The Avro 508 was a prototype British reconnaissance aircraft of the 1910s.

Development

The Avro 508 was built at Avro's Manchester works in December 1913 and assembled at Brooklands in January 1914. First exhibited in Manchester in January 1914, the 508 was a wooden fabric-covered pusher biplane of unusual shape, resembling a back-to-front Avro 504. Its top and bottom three-bay wings were equal in length, made of fabric-covered wood.

Operational history
It was completed by March 1914, and shown at the Olympia Aero Show in London, however its first flight was at the start of official testing in April 1915 at Brooklands.

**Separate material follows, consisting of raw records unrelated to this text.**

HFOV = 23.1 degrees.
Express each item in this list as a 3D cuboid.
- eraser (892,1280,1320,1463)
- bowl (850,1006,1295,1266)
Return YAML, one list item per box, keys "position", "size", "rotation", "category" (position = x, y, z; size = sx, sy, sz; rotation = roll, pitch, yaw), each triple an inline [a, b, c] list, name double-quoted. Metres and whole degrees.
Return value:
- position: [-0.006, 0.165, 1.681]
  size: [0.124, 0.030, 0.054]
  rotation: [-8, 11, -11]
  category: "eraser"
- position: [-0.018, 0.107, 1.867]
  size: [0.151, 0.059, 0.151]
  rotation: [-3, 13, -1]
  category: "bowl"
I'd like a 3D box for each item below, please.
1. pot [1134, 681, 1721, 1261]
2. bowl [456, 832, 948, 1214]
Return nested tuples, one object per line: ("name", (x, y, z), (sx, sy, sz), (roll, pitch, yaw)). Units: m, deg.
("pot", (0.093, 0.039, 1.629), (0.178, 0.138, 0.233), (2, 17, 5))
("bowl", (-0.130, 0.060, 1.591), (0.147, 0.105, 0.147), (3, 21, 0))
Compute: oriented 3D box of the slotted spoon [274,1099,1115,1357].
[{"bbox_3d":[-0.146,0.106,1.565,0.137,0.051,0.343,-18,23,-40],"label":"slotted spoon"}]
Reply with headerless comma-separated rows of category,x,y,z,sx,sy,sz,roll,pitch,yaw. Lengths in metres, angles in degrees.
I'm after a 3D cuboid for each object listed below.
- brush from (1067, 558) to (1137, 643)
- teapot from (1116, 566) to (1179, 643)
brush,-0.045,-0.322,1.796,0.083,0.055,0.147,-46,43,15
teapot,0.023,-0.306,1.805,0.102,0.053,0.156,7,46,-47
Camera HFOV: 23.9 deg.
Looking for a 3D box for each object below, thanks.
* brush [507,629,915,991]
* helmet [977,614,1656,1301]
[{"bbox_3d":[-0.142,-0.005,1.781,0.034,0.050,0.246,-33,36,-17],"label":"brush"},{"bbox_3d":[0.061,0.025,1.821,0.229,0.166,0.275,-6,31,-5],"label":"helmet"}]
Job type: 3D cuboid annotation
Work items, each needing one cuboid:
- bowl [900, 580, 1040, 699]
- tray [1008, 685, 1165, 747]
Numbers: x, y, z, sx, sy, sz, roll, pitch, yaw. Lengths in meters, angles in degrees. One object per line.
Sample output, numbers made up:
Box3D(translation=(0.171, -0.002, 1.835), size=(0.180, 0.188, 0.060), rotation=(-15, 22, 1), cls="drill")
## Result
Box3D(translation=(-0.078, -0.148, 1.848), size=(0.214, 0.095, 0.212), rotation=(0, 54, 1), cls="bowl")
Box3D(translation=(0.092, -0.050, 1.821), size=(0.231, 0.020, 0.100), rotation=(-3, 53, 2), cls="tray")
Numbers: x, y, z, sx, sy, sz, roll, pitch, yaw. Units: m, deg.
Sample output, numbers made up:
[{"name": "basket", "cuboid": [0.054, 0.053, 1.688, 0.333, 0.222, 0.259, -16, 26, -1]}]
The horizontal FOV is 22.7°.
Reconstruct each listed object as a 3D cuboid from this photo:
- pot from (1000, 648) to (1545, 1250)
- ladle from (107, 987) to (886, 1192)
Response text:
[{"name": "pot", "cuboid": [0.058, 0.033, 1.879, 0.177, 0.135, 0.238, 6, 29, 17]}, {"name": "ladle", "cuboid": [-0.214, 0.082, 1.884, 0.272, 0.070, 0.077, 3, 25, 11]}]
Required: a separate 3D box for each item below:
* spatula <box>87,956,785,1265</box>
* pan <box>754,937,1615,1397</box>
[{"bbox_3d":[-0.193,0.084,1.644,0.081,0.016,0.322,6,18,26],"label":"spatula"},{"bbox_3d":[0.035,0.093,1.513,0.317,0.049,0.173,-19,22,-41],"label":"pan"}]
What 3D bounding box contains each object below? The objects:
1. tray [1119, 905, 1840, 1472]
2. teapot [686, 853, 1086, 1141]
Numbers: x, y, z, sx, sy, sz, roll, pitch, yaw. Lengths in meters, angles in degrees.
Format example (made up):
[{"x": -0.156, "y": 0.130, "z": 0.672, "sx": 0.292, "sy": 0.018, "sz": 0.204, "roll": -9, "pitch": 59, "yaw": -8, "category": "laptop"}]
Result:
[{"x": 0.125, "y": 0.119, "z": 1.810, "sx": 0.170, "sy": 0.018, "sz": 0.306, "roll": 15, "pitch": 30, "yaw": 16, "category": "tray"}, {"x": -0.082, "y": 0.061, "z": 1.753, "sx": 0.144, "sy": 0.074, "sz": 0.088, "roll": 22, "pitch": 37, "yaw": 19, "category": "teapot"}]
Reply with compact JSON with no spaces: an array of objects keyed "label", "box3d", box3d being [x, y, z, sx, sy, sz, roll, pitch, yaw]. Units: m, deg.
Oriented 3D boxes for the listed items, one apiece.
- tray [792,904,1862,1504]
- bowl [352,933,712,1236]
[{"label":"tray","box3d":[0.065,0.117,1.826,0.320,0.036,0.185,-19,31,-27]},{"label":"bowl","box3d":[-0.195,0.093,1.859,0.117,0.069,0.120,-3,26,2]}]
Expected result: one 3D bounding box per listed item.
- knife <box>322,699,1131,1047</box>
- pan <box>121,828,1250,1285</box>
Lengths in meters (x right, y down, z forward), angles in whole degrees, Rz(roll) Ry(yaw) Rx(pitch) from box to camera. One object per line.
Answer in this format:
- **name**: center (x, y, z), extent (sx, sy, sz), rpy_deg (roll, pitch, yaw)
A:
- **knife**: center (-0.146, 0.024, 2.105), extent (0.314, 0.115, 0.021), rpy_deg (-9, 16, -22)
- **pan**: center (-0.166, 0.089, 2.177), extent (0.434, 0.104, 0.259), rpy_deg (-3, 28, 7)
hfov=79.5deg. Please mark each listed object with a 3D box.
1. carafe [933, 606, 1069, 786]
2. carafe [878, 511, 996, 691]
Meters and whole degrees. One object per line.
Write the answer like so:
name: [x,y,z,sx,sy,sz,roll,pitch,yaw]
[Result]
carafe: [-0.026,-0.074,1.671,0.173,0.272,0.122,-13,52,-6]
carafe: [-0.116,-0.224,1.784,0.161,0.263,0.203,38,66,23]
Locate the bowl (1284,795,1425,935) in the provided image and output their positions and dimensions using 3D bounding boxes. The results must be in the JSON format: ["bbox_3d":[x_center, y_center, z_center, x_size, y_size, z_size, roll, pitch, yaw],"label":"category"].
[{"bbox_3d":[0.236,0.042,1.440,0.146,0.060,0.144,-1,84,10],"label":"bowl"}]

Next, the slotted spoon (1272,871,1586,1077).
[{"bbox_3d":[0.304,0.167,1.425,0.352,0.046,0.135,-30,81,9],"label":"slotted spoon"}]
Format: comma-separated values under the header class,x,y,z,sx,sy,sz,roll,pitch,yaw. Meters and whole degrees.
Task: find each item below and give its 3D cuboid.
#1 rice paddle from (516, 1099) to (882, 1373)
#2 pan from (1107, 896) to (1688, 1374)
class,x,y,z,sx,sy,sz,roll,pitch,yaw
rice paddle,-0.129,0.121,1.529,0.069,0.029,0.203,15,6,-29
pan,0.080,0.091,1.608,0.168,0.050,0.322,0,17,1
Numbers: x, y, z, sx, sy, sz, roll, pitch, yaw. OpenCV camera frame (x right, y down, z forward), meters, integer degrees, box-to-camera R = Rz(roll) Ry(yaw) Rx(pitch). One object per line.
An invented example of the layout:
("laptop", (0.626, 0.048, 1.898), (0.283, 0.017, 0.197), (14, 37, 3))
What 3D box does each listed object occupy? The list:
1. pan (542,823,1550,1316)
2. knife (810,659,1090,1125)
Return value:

The Royal Flying Corps showed no interest in the sole prototype and therefore the aircraft remained a training aircraft and engine tester at Hendon Aerodrome until it was dismantled in April 1916.

Specifications

References

 "The Olympia Exhibition: The Exhibits: Avro (A.V. Roe & Co.)". Flight, 21 March 1914. pp. 295–297.
Jackson, A.J. Avro Aircraft since 1908. London:Putnam, 1990. .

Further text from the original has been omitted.